I made a php console script which is using curl multi request made with this lib: ParallelCurl - github.
My PHP code is:
function setComparatorData( $model, $filetime ) {
global $comparator;
if ( file_exists(DIR_IMAGE . "catalog/" . $model . ".jpg") ) {
$localFileTime = filemtime(DIR_IMAGE . "catalog/" . $model . ".jpg");
if ( $localFileTime > $filetime ) return;
}
$comparator[$model] = $filetime;
}
function onReceived($content, $url, $ch, $request) {
$data = curl_getinfo($ch);
setComparatorData($request['model'], $data['filetime']);
}
function request($limit = 100) {
$products = array(); // This is array of products from database
$curl_options = array(
CURLOPT_SSL_VERIFYPEER => FALSE,
CURLOPT_SSL_VERIFYHOST => FALSE,
CURLOPT_USERAGENT => 'Mozilla/5.0 (Windows NT 10.0; Win64; x64) AppleWebKit/537.36 (KHTML, like Gecko) Chrome/71.0.3578.98 Safari/537.36',
CURLOPT_NOBODY => TRUE,
CURLOPT_FOLLOWLOCATION => TRUE,
CURLOPT_HEADER => TRUE,
CURLOPT_FILETIME => TRUE,
CURLOPT_TIMEOUT => 5,
CURLOPT_FRESH_CONNECT => TRUE // For test!
);
$parallel_curl = new ParallelCurl($limit, $curl_options);
foreach ($products as $product) {
$parallel_curl->startRequest("http://supplierImageUrlBasedOnProductVariable",'onReceived', array("model" => $product['model'], "source" => "remote"));
}
$parallel_curl->finishAllRequests();
}
$comparator = array();
request(100);
print_r($comparator);
This splits multirequest to 100 parallel requests and after one "group" is finished, the next will start. My problem is, that this is slow as hell. For 600 requests(product images) it took 8 seconds, but for 5000 it was running half hour (then I stopped it).

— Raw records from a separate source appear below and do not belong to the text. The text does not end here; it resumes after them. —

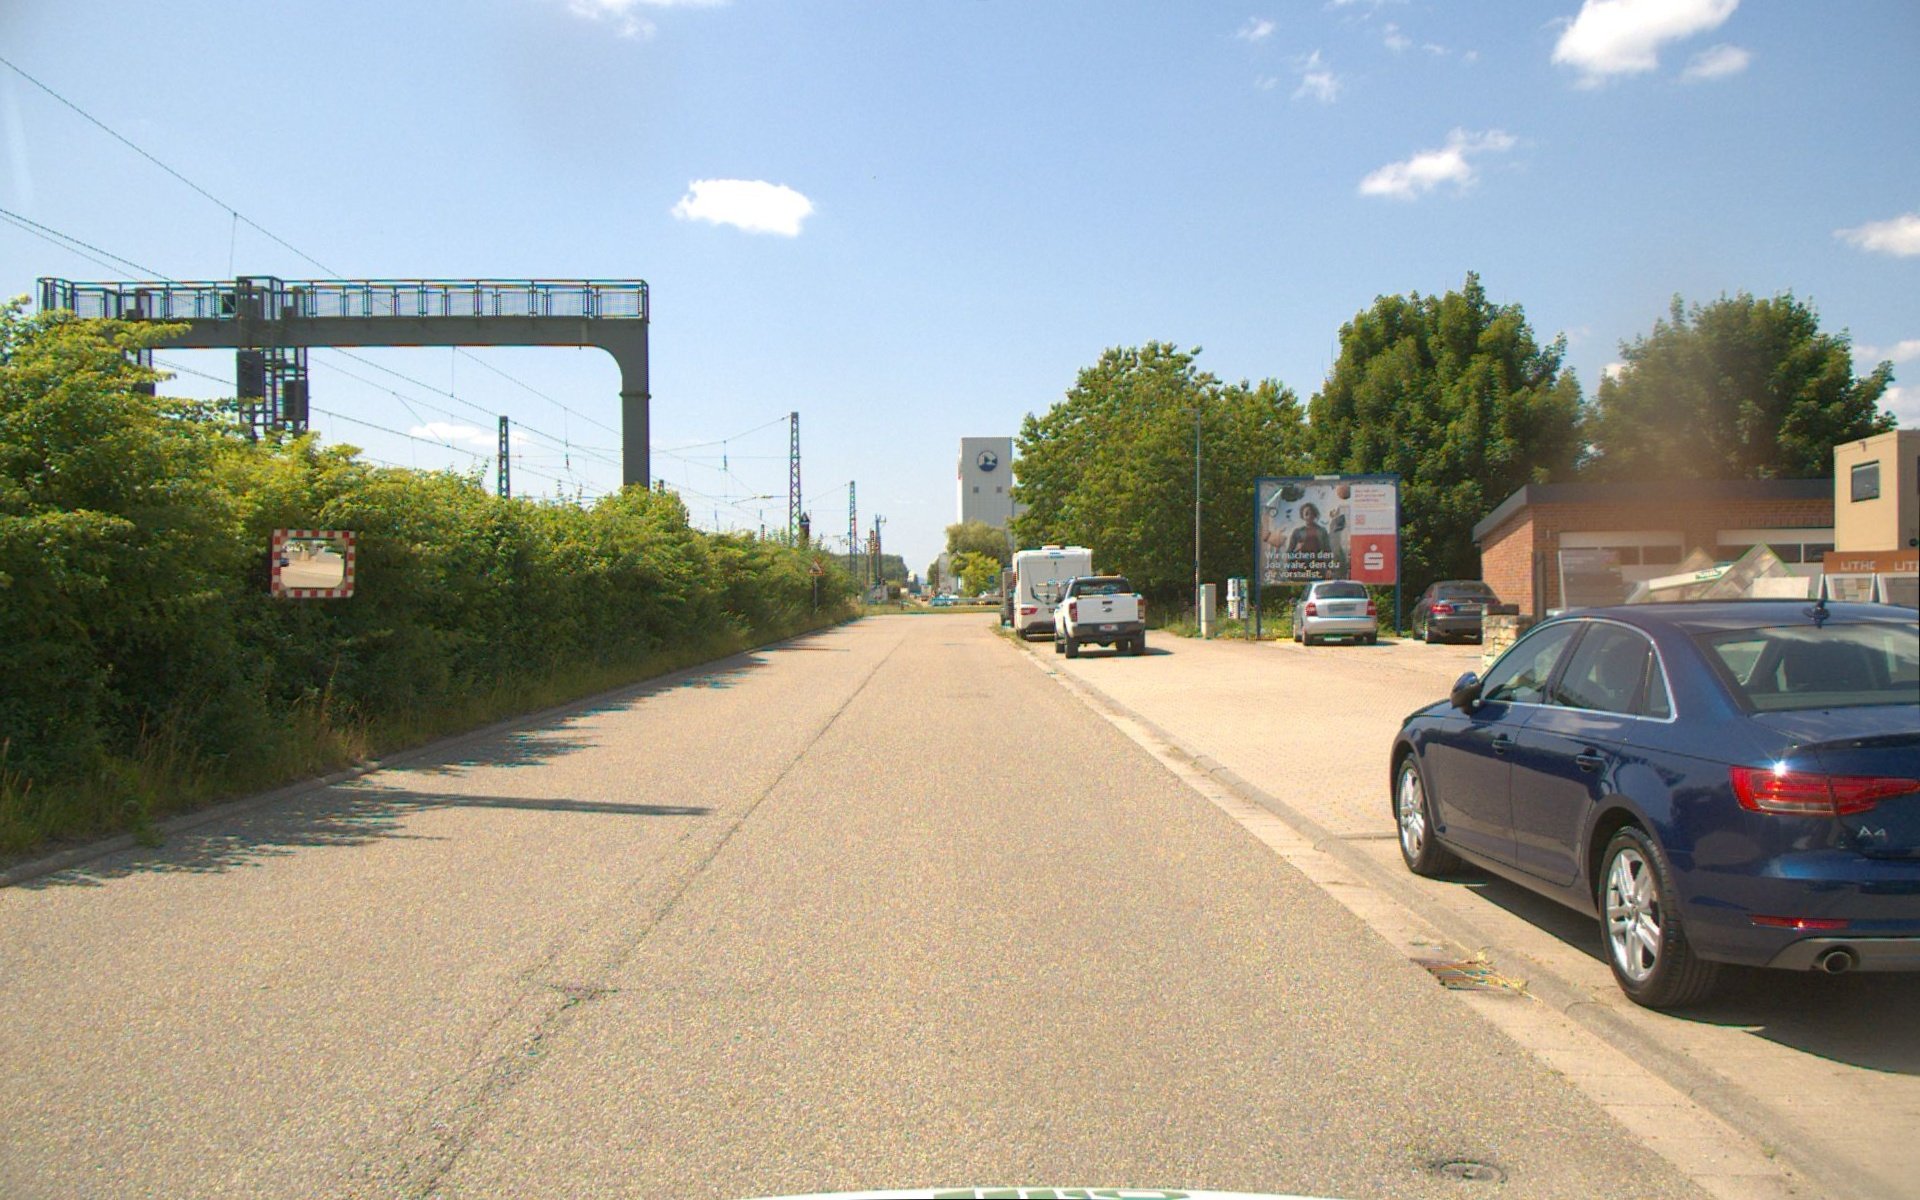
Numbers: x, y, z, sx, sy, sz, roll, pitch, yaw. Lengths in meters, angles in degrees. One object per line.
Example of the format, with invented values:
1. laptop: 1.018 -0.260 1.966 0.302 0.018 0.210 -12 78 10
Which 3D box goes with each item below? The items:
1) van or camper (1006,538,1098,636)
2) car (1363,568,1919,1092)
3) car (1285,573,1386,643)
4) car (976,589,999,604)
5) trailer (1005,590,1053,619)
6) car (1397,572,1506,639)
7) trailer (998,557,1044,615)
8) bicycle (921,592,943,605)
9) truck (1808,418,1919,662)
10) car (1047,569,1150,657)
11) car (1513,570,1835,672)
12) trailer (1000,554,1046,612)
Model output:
1. van or camper: 2.881 -0.407 53.803 2.389 2.876 7.622 -2 0 -1
2. car: 3.243 0.642 7.195 1.726 1.498 4.717 -2 0 -1
3. car: 8.827 0.164 39.136 1.865 1.505 4.003 -2 0 7
4. car: 2.897 -0.396 176.121 1.955 1.536 4.448 -1 0 -6
5. trailer: 3.013 0.208 72.594 1.963 1.142 4.490 -3 0 2
6. car: 11.333 0.109 38.366 1.709 1.400 4.003 -2 0 7
7. trailer: 2.847 -0.644 78.202 1.880 2.552 4.740 -3 0 0
8. bicycle: -2.681 -0.120 157.201 2.103 1.185 0.659 0 1 36
9. truck: 16.582 -0.925 24.615 6.324 3.447 3.109 -1 0 8
10. car: 3.224 0.271 39.578 1.810 1.846 5.423 -3 0 -1
11. car: 10.897 0.315 25.527 4.176 1.445 1.978 -1 0 8
12. trailer: 3.203 -0.852 83.311 1.892 2.690 5.187 -3 0 5
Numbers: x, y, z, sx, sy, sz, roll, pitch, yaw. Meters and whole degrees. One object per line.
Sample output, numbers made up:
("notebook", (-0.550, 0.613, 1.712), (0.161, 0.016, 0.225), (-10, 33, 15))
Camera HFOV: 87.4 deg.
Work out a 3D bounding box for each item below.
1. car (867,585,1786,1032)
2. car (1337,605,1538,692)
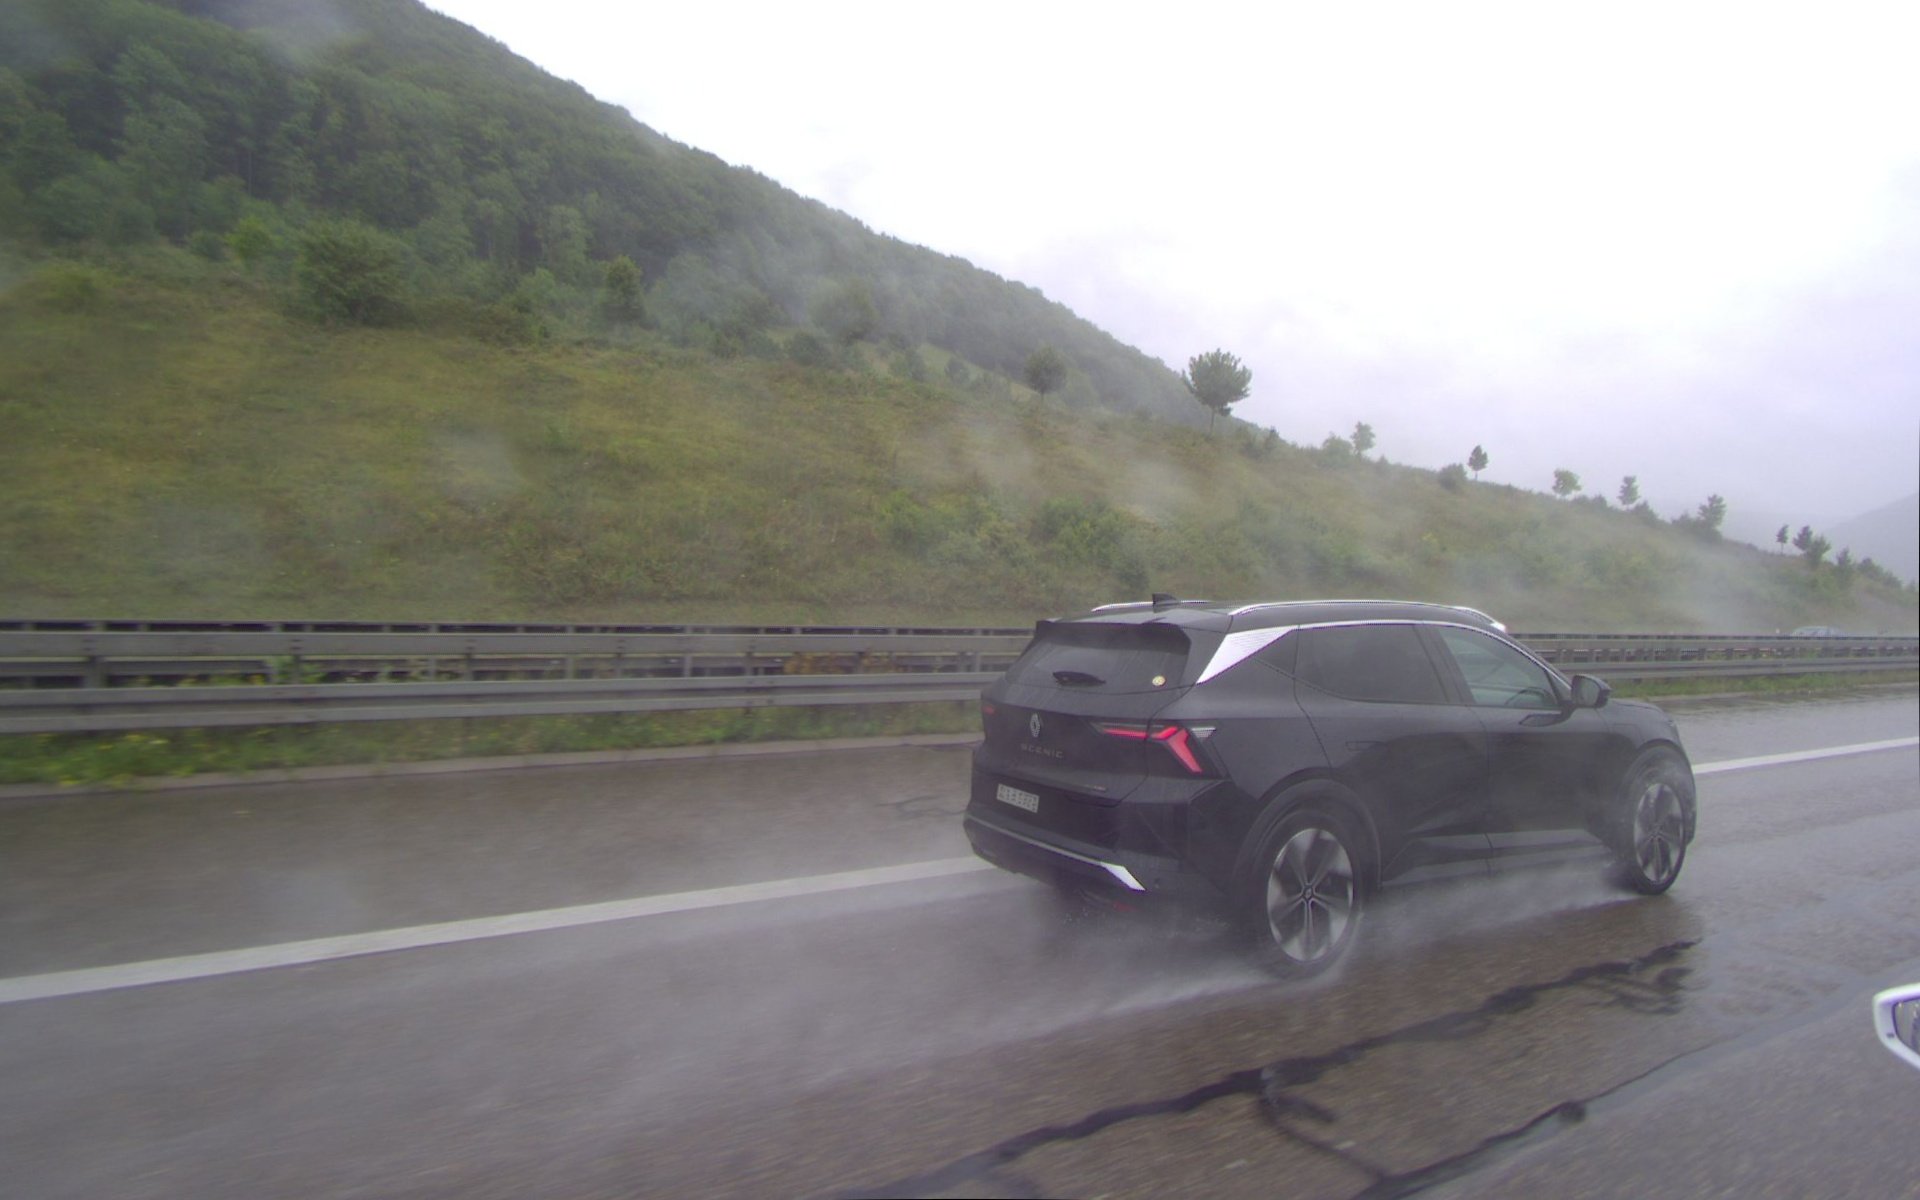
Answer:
("car", (2.126, 0.762, 5.674), (4.726, 1.535, 2.395), (1, 0, -29))
("car", (12.304, 1.192, 25.774), (5.325, 2.040, 1.984), (1, -1, -30))

I believe the biggest problem is PHP, but maybe I am wrong. Does someone have an idea how to solve this speed issue? Should I rewrite it to python or bash script? Will it help? Or is there a small mistake in code which is causing slow response?
Maybe my solution is completly wrong, if someone has any other idea, write down how.
Thank you